#### [RECORDS FOR PROCESSING]

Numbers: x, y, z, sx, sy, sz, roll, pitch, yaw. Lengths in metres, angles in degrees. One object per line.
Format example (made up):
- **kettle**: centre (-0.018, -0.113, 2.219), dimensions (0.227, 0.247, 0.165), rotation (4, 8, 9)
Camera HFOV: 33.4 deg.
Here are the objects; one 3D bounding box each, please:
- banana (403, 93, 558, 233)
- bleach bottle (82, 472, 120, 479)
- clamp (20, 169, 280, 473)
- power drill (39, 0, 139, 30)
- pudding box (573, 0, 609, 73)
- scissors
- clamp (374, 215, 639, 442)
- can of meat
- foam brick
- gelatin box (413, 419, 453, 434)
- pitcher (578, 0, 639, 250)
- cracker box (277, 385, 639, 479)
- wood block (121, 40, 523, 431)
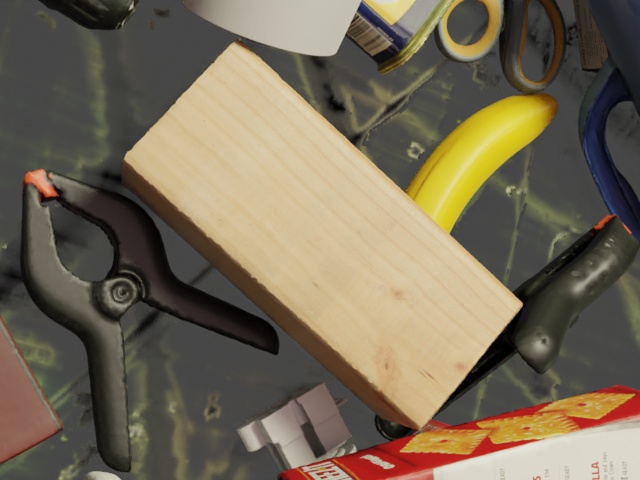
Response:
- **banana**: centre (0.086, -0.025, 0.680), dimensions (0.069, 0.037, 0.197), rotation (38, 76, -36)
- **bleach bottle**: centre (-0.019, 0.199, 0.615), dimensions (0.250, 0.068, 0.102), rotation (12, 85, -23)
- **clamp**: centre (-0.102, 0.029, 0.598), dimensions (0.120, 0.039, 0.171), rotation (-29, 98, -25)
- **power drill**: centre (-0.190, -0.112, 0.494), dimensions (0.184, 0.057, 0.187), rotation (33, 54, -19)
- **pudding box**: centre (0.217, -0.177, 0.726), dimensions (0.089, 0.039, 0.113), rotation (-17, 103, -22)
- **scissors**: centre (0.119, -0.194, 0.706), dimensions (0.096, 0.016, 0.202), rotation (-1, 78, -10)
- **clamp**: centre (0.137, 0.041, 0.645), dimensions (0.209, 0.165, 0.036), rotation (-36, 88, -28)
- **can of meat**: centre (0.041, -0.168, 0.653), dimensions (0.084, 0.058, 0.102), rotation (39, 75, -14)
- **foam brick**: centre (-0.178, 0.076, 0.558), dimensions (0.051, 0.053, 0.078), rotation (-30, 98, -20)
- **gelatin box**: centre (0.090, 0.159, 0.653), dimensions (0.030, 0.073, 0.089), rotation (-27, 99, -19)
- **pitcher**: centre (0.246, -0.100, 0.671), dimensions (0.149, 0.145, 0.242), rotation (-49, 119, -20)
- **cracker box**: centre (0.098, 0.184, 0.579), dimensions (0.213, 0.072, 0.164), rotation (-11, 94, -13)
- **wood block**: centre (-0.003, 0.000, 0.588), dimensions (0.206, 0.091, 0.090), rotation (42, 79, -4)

* * *

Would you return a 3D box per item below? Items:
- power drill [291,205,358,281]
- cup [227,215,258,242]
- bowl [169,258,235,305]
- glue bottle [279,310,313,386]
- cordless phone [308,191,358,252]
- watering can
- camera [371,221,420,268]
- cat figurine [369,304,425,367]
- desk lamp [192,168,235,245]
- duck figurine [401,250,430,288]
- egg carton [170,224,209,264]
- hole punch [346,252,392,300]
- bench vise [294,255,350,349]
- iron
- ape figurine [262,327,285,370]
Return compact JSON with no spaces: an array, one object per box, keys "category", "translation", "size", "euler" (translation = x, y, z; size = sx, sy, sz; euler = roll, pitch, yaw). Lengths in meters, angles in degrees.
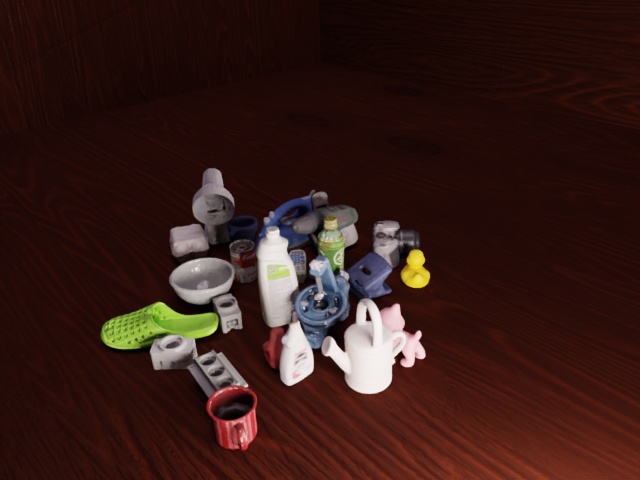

* * *

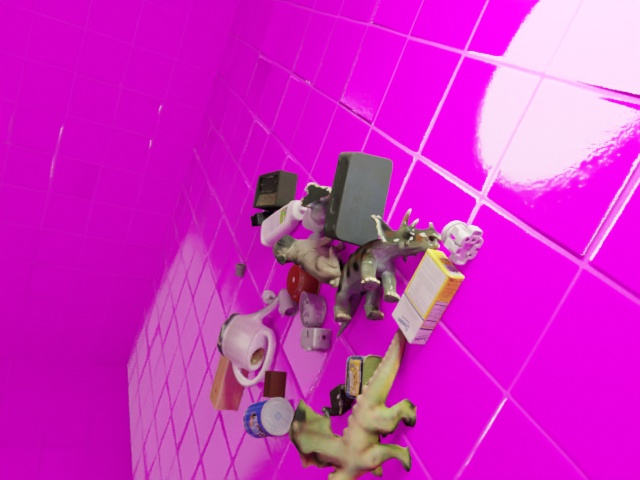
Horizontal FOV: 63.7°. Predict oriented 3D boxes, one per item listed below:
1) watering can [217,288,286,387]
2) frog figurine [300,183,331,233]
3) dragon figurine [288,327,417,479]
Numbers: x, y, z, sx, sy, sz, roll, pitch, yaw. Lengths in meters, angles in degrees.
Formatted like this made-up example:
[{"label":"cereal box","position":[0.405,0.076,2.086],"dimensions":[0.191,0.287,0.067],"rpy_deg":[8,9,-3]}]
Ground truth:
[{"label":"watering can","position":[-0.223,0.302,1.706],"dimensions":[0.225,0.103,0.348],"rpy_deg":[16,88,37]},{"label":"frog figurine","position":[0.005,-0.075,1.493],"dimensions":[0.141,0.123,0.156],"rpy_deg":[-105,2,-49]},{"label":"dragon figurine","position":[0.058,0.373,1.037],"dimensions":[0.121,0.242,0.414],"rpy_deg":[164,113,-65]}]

#### [ASSIGNMENT]
With the line holding "- cup [227,215,258,242]" as the first and the line holding "Return compact JSON" as the last, set down that range of the entries above exactly, and nothing else.

#### [EXPECTED ANSWER]
- cup [227,215,258,242]
- bowl [169,258,235,305]
- glue bottle [279,310,313,386]
- cordless phone [308,191,358,252]
- watering can
- camera [371,221,420,268]
- cat figurine [369,304,425,367]
- desk lamp [192,168,235,245]
- duck figurine [401,250,430,288]
- egg carton [170,224,209,264]
- hole punch [346,252,392,300]
- bench vise [294,255,350,349]
- iron
- ape figurine [262,327,285,370]
Return compact JSON with no spaces: an array, one object per box, keys "category", "translation", "size", "euler" (translation = x, y, z; size = sx, sy, sz; euler = roll, pitch, yaw). Lengths in meters, angles in degrees.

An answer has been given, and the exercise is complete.